If you require this to be available directly on the Parent, I would suggest creating another variable on the Parent object which has these details pre-filtered via the "where" attribute in your Parent.hbm.xml file. If you don't wish to do this I would suggest using LINQ or something similar to pull out the latest Child object for each Parent in your collection.

An example of the "where" attribute that you would find in your Parent.hbm.xml file is:

<set name="LatestChild" table="child" generic="true" inverse="true" where="*your sub-query here*">
  <key column="parent_id" />
  <one-to-many class="YourNameSpace.Model.Child,Model"/>
</set>

This will only ever return the Child objects which match the where query of the collection.

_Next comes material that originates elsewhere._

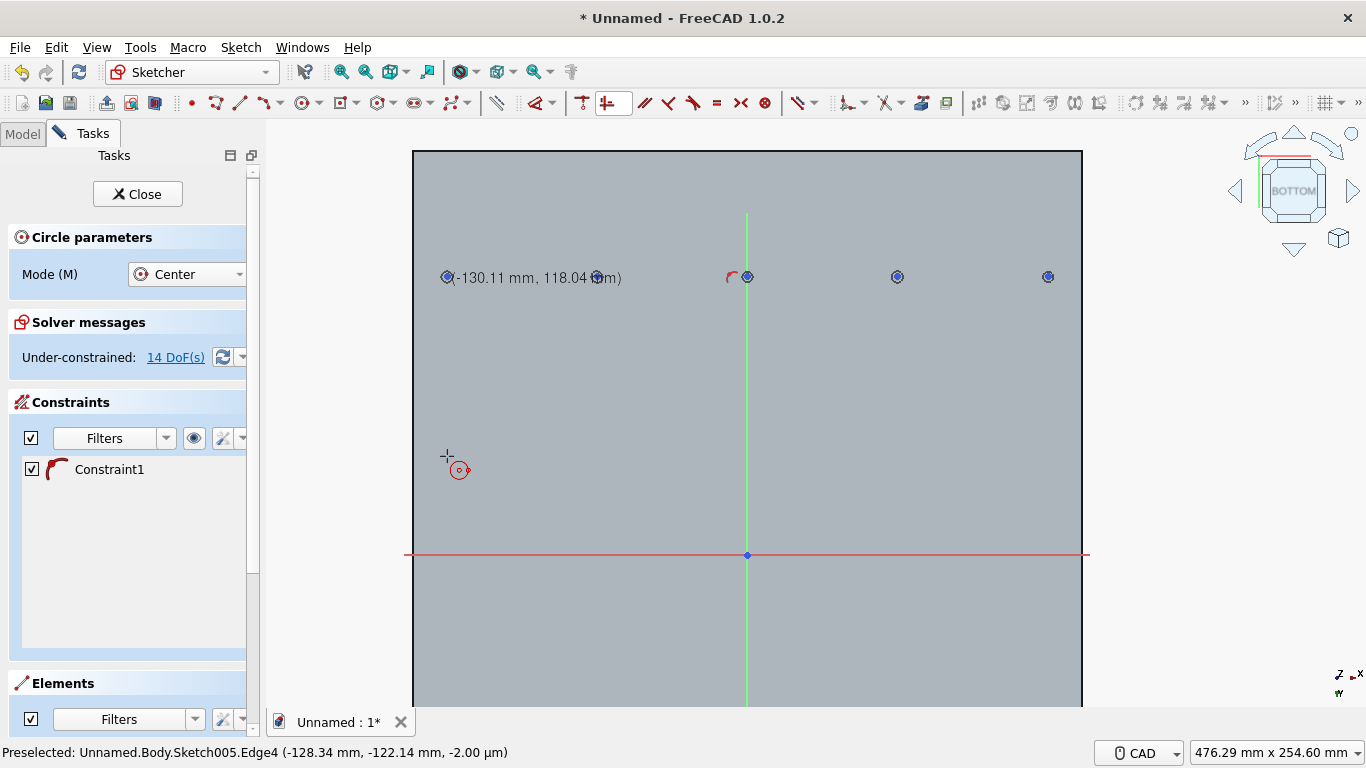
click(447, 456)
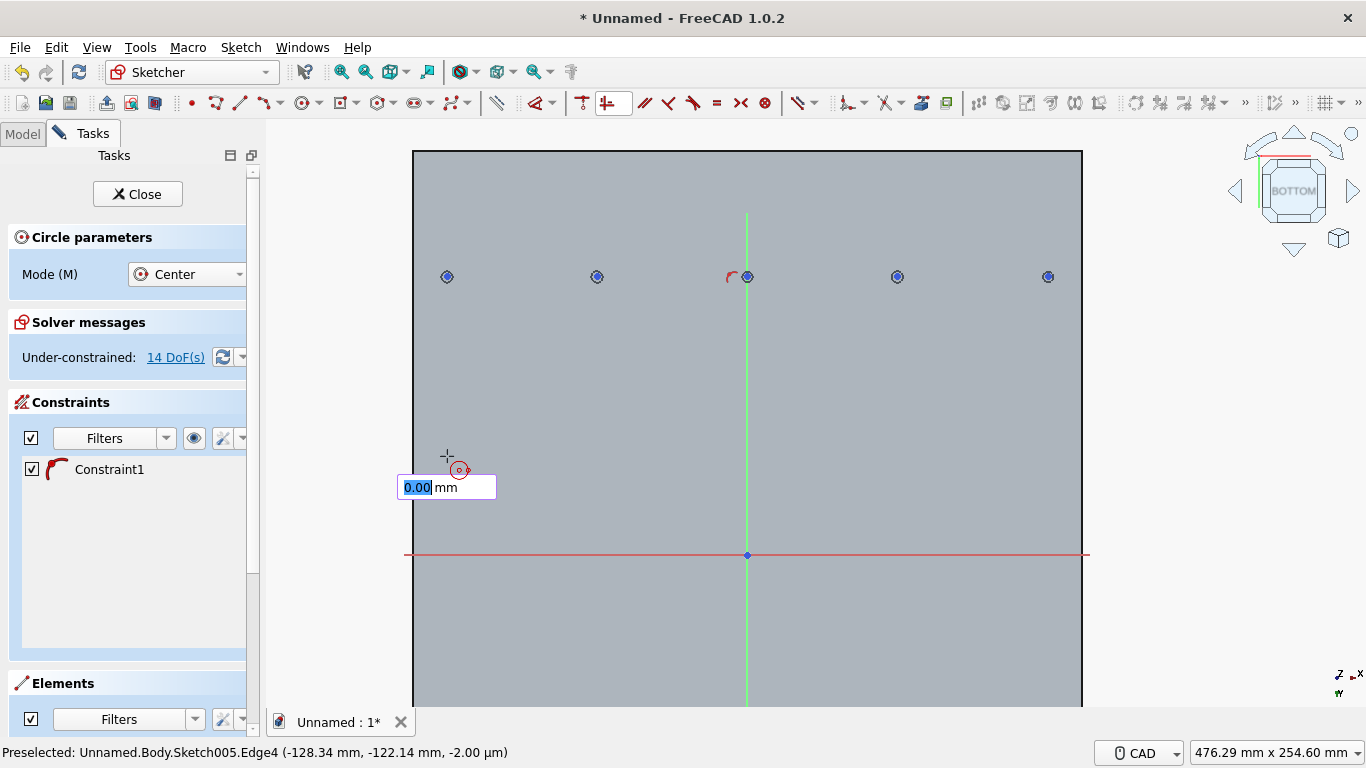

You can find documentation on this here. Although this is the Hibernate reference and not NHibernate it is almost identical in most areas.

Good luck!

Jay
A: 

I would create a sorted list property on the parent (sorted by ChildDate), so when you get last (with linq extensions possibly), you get the one you need. No need to create complicate joins.

Serkan
+1  A: 

Thanks, the join wasn't quite as simple as the example and there were a lot of tables being used - fine if done in a SQL set based setup but there would have been a ridiculous amount of data coming back to filter it in linq.

Unfortunately speed had to win over design so I created a view with the complex join in and used that as a table for a dictionary on the primary domain object. Thanks for all your help though.